Mixed effects model for the estimation of the epidemic growth rates

We assumed that the epidemic growth in individual districts varied both between countries and between districts within a country. We used a generalised linear mixed effects model (GLMM) comprising both fixed and random effects, which explicitly allows for clustering in the data [37]. Such a hierarchical model allows the mean values to vary between the different countries, but borrows information across the districts within a country.
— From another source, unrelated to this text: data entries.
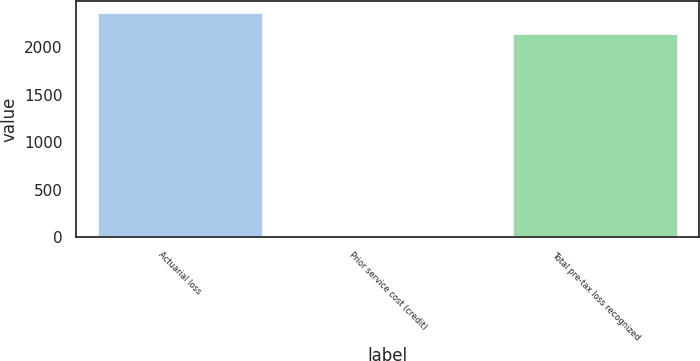Convert chart to OTSL. <chart><loc_0><loc_0><loc_500><loc_500><bar_chart><fcel>Actuarial loss<fcel>Prior service cost (credit)<fcel>Total pre-tax loss recognized<nl><fcel>2372.7<fcel>1<fcel>2148<nl></chart> 
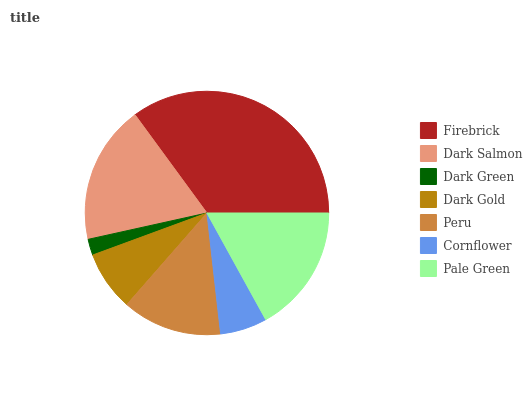Is Dark Green the minimum?
Answer yes or no. Yes. Is Firebrick the maximum?
Answer yes or no. Yes. Is Dark Salmon the minimum?
Answer yes or no. No. Is Dark Salmon the maximum?
Answer yes or no. No. Is Firebrick greater than Dark Salmon?
Answer yes or no. Yes. Is Dark Salmon less than Firebrick?
Answer yes or no. Yes. Is Dark Salmon greater than Firebrick?
Answer yes or no. No. Is Firebrick less than Dark Salmon?
Answer yes or no. No. Is Peru the high median?
Answer yes or no. Yes. Is Peru the low median?
Answer yes or no. Yes. Is Dark Salmon the high median?
Answer yes or no. No. Is Dark Gold the low median?
Answer yes or no. No. 
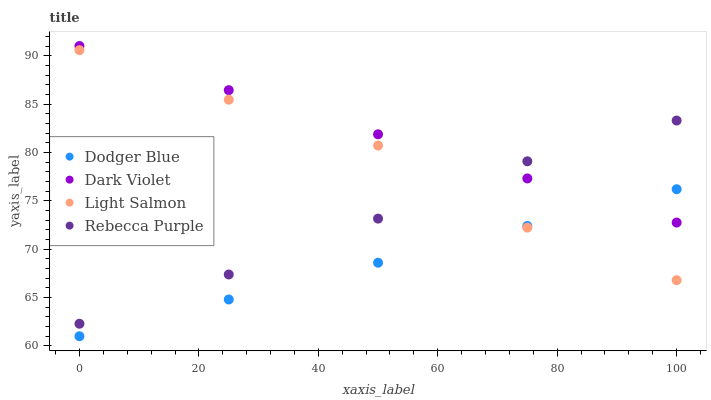Does Dodger Blue have the minimum area under the curve?
Answer yes or no. Yes. Does Dark Violet have the maximum area under the curve?
Answer yes or no. Yes. Does Rebecca Purple have the minimum area under the curve?
Answer yes or no. No. Does Rebecca Purple have the maximum area under the curve?
Answer yes or no. No. Is Dodger Blue the smoothest?
Answer yes or no. Yes. Is Light Salmon the roughest?
Answer yes or no. Yes. Is Rebecca Purple the smoothest?
Answer yes or no. No. Is Rebecca Purple the roughest?
Answer yes or no. No. Does Dodger Blue have the lowest value?
Answer yes or no. Yes. Does Rebecca Purple have the lowest value?
Answer yes or no. No. Does Dark Violet have the highest value?
Answer yes or no. Yes. Does Rebecca Purple have the highest value?
Answer yes or no. No. Is Dodger Blue less than Rebecca Purple?
Answer yes or no. Yes. Is Dark Violet greater than Light Salmon?
Answer yes or no. Yes. Does Light Salmon intersect Rebecca Purple?
Answer yes or no. Yes. Is Light Salmon less than Rebecca Purple?
Answer yes or no. No. Is Light Salmon greater than Rebecca Purple?
Answer yes or no. No. Does Dodger Blue intersect Rebecca Purple?
Answer yes or no. No. 
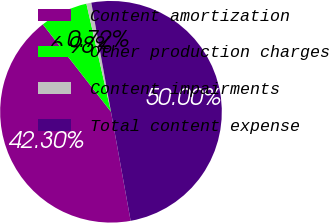Convert chart. <chart><loc_0><loc_0><loc_500><loc_500><pie_chart><fcel>Content amortization<fcel>Other production charges<fcel>Content impairments<fcel>Total content expense<nl><fcel>42.3%<fcel>6.98%<fcel>0.72%<fcel>50.0%<nl></chart> 
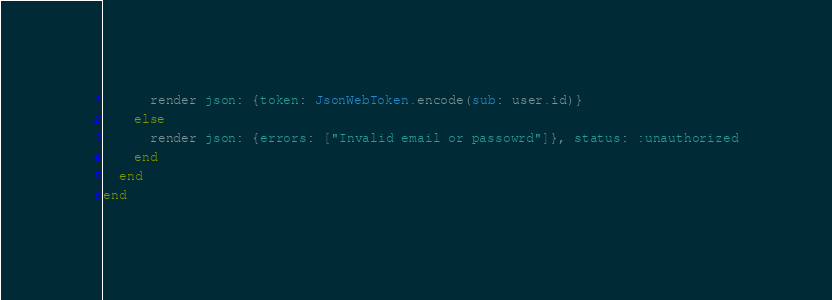Convert code to text. <code><loc_0><loc_0><loc_500><loc_500><_Ruby_>      render json: {token: JsonWebToken.encode(sub: user.id)}
    else
      render json: {errors: ["Invalid email or passowrd"]}, status: :unauthorized
    end
  end
end
</code>

The weekly number of new infections c_ijk in district i in country j at time-point t_ijk was assumed to follow a Poisson distribution with a mean λ_ijk and was modelled with the logarithm as the link function:

$$c_{ijk}~ Pois\left({\lambda }_{ijk}\right)$$

$$\text{ln}\left({\lambda }_{ijk}\right)=({\beta }_{0j}+b_{0ij})+\left({\beta }_{1j}+b_{1ij}\right)*t_{ijk}$$

$$\left(\begin{array}{c}{b}_{0ij}\\ b_{1ij}\end{array}\right) ~ N_2\left(\left(\begin{array}{c}0\\ 0\end{array}\right),\left(\begin{array}{cc}{\tau }_0^2& \rho {\tau }_0{\tau }_1\\ \rho {\tau }_0{\tau }_1& {\tau }_0^2\end{array}\right)\right)$$ (1)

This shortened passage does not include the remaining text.